Tanzstück „Full Body“ in Oldenburg

Oldenburg (dpa) - Der Titel stand schon ganz früh fest. Monate, bevor der Schweizer Marcel Leemann als Gastchoreograf nach Oldenburg kam, um mit der Tanzcompagnie des Staatstheaters ein Stück zu entwickeln, musste ein Name fürs Spielzeitheft her.

„Full Body“, schlug Tanzdirektor Honne Dohrmann vor: „Es war klar, weil Marcel so physisch arbeitet - das wird auf jeden Fall passen.“ Die Proben für die Produktion, die am Freitag in der Exerzierhalle uraufgeführt und im Februar in Bremen gastieren wird, begannen im November. In deren Verlauf ist ein Tanzstück entstanden, das von den Mitwirkenden tatsächlich immer wieder vollen Körpereinsatz fordert. „Wir verlangen den Tänzern viel ab. Es kommt alles vom Körper zuerst“, sagt Marcel Leemann.

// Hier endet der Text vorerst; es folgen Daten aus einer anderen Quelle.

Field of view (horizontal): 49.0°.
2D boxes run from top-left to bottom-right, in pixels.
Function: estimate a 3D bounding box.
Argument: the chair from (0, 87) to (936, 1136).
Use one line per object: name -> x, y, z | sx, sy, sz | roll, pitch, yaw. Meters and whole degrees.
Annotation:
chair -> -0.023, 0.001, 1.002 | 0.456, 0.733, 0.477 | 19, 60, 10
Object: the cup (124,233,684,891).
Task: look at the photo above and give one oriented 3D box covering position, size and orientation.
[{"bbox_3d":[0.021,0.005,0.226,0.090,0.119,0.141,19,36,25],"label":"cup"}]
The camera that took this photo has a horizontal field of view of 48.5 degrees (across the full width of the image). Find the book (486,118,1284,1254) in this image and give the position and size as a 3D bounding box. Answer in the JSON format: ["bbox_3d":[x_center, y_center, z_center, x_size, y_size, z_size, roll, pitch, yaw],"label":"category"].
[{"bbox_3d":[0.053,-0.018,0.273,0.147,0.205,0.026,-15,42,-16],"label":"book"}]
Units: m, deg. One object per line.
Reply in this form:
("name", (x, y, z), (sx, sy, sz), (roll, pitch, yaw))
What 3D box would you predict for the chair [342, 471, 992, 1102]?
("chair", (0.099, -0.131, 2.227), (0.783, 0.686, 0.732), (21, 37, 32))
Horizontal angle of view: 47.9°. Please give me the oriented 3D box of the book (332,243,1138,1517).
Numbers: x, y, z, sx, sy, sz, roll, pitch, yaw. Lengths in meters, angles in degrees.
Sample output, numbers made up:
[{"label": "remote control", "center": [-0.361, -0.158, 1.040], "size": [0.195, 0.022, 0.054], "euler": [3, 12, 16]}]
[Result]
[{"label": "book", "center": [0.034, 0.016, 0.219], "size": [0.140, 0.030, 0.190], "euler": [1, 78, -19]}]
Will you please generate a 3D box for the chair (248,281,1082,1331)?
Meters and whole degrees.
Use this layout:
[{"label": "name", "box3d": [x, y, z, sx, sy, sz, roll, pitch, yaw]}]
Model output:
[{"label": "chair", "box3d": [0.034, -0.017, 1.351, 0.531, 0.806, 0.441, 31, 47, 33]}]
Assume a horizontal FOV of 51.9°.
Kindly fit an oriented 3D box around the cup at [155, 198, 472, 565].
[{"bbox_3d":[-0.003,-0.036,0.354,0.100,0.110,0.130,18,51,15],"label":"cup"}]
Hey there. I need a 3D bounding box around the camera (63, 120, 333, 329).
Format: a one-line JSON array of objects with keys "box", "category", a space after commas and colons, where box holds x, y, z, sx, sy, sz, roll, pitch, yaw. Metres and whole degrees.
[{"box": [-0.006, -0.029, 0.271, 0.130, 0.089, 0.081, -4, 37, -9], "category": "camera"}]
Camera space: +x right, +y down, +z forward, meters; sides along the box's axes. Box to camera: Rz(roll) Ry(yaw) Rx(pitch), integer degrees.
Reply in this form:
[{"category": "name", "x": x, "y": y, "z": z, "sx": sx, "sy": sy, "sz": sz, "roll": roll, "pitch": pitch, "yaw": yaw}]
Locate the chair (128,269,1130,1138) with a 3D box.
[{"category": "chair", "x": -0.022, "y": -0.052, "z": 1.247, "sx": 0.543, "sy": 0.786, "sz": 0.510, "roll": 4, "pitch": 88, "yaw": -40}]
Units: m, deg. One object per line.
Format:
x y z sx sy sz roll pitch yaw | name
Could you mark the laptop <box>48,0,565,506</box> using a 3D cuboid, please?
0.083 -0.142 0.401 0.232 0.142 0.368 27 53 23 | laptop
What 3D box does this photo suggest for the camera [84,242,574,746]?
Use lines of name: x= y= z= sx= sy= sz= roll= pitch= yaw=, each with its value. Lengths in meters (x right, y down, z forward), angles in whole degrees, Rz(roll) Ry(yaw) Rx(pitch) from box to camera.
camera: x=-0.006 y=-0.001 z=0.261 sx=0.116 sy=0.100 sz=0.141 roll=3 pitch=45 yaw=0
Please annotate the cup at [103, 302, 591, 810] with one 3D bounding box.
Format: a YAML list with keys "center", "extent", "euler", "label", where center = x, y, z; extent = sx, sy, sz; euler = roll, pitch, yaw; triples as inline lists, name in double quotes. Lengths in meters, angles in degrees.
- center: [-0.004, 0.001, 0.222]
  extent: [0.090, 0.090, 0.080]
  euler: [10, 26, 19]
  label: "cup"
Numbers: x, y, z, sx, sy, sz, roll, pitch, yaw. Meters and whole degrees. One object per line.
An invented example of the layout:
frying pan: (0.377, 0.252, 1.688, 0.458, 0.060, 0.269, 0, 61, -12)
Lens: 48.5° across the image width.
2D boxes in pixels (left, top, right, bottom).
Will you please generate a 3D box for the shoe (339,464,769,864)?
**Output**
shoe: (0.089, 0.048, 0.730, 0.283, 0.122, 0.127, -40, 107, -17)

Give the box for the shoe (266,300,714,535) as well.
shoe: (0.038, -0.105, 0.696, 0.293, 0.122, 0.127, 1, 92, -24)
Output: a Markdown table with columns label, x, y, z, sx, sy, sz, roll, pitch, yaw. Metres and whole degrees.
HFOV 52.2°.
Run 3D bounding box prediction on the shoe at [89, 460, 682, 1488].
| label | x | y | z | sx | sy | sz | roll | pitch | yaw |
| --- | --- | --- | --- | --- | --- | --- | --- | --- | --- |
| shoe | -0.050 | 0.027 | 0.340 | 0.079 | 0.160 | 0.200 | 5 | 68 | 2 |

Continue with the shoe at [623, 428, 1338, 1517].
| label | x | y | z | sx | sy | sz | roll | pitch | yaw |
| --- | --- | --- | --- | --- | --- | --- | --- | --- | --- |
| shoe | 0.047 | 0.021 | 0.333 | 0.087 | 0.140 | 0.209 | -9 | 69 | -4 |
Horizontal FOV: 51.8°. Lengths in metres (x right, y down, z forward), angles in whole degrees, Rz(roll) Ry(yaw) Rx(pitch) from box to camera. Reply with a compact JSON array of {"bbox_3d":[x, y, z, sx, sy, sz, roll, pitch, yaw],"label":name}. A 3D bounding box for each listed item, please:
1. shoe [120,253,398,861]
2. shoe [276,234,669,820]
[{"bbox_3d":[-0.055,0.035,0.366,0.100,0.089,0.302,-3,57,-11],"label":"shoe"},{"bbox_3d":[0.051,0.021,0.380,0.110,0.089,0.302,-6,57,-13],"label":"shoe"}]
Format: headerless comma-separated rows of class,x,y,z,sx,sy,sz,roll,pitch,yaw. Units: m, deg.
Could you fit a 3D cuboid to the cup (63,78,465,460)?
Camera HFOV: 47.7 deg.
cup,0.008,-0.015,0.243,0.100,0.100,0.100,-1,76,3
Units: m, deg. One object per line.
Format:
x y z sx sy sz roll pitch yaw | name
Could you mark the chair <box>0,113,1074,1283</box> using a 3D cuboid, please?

„Full Body“ thematisiert die Zerrissenheit zwischen dem Wunsch nach Individualität und der Sehnsucht nach Zugehörigkeit zur Masse. Das zieht sich durchs Stück und verbindet die Bilder, die sich dem Publikum bieten. So bekommen die einzelnen Tänzer jeweils die Gelegenheit hervorzutreten, sich zu zeigen, ehe sie sich wieder in das elfköpfige, komplett in Schwarz mit Gelb gekleidete Ensemble einfügen - womit die Gruppe erneut den Ton angibt.

Texte, überwiegend von zwei mittanzenden Schauspielerinnen vorgetragen, thematisieren einerseits das Wohlgefühl des Dazugehörens, der Gemeinsamkeit, des Zusammenhaltens. Andererseits geht es aber um die Ambivalenz der Masse: „Intelligenz ist als Massenphänomen unmöglich.“

Neben den Tänzern sind auch die Requisiten fast permanent in Bewegung. Die etwa drei Meter langen hellen Holzplanken markieren auf dem dunklen Bühnenboden mal eine Spirale, mal Quadrate, mal bilden sie einen Straßenrand. Dann wieder schieben die Tänzer sie zwischen sich hin und her oder heben sie gemeinsam hoch und lassen sie herunterprasseln. Auch der Glaskasten im Telefonzellenformat lässt sich variabel einsetzen: als fahrbarer Untersatz, als Käfig oder als Schaukasten.

Erst kurz vor der Premiere zum quasi fertigen Stück hinzugekommen sind die Musik des Schweizer Komponisten Beat Halberschmidt sowie die Kostüme. Mit beidem habe er bewusst lange gewartet, sagt Choreograf Leemann. „Ich liebe es, wenn ich Zeit habe, ein Stück zu entwickeln“, schwärmt der 42-Jährige, der in Bern seine eigene Tanzcompagnie leitet.

Leemann beschreibt die Zusammenarbeit mit dem Oldenburger Ensemble als sehr lebendig: Tänzer hätten Bewegungen angeboten, die Schauspielerinnen Textteile selbst verfasst, eine Tänzerin habe ein Lied geschrieben, das sie im Stück auch singe. Auch insofern passe der Titel „Full Body“: Der umfasse für ihn neben Tanz, Sprache und voller Konzentration eben auch „das Dahinterstehen“.